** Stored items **
******************************
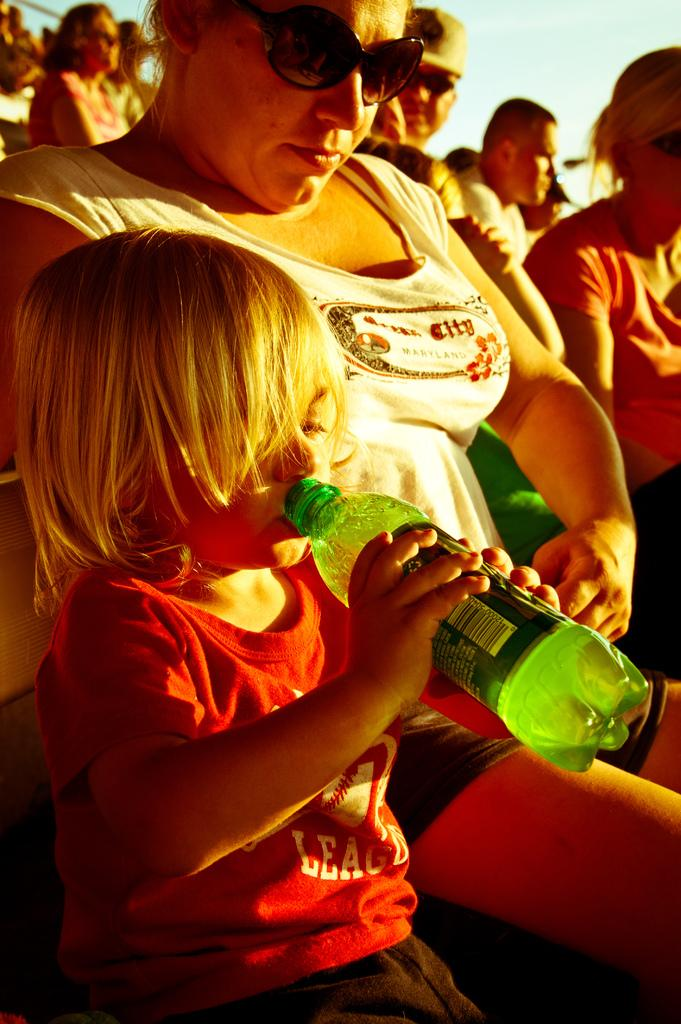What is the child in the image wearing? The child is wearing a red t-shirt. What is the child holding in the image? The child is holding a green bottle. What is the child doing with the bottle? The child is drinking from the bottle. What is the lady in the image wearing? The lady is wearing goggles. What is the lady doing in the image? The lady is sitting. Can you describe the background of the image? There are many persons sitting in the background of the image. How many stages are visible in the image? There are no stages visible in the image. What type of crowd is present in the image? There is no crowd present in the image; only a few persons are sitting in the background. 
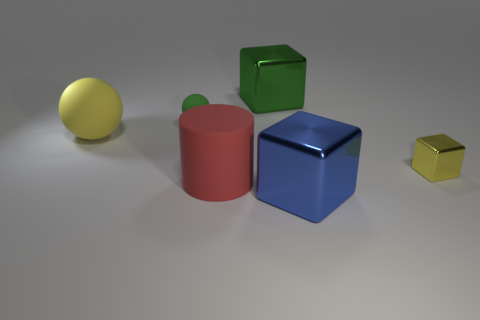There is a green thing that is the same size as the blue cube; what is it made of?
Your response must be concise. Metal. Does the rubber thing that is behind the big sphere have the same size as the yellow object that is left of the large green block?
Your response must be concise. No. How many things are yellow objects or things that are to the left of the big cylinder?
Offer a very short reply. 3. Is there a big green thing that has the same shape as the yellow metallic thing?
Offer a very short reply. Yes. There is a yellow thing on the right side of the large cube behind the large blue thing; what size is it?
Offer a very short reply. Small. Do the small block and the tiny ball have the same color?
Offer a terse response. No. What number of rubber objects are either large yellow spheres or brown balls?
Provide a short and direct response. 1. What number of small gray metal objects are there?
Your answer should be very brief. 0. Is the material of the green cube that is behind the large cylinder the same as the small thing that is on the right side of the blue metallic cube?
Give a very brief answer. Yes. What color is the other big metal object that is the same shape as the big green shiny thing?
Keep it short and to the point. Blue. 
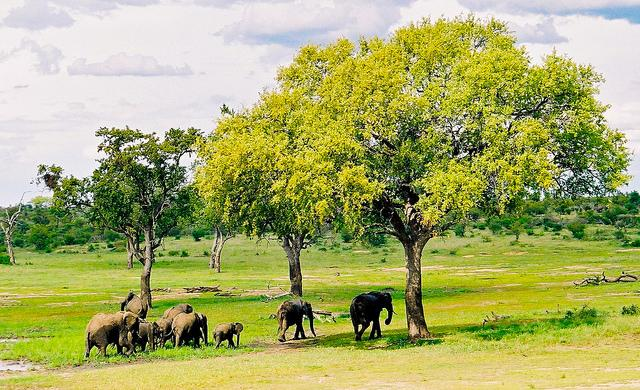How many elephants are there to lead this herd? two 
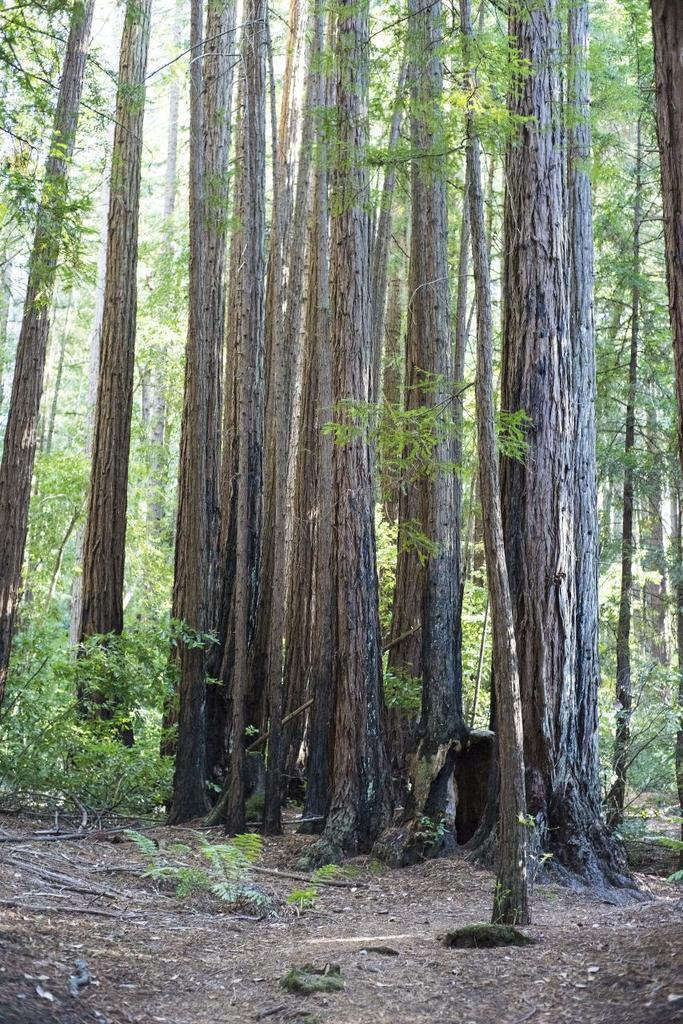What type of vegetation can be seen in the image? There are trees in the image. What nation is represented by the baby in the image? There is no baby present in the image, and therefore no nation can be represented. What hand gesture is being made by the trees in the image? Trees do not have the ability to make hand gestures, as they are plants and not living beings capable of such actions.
******************************
When the line containing "Offer a very short reply. 3." has been located, retype it and each line after it through the end of the records, excluding the pictures and adding nothing else.

Offer a very short reply. 3. Is there a big green thing that has the same shape as the yellow metallic thing?
Offer a very short reply. Yes. There is a yellow thing on the right side of the large cube behind the large blue thing; what size is it?
Offer a very short reply. Small. Do the small block and the tiny ball have the same color?
Offer a terse response. No. What number of rubber objects are either large yellow spheres or brown balls?
Provide a short and direct response. 1. What number of small gray metal objects are there?
Your answer should be very brief. 0. Is the material of the green cube that is behind the large cylinder the same as the small thing that is on the right side of the blue metallic cube?
Give a very brief answer. Yes. What color is the other big metal object that is the same shape as the big green shiny thing?
Keep it short and to the point. Blue. 
How many elephants are there to lead this herd? two 
What type of vegetation can be seen in the image? There are trees in the image. What nation is represented by the baby in the image? There is no baby present in the image, and therefore no nation can be represented. What hand gesture is being made by the trees in the image? Trees do not have the ability to make hand gestures, as they are plants and not living beings capable of such actions.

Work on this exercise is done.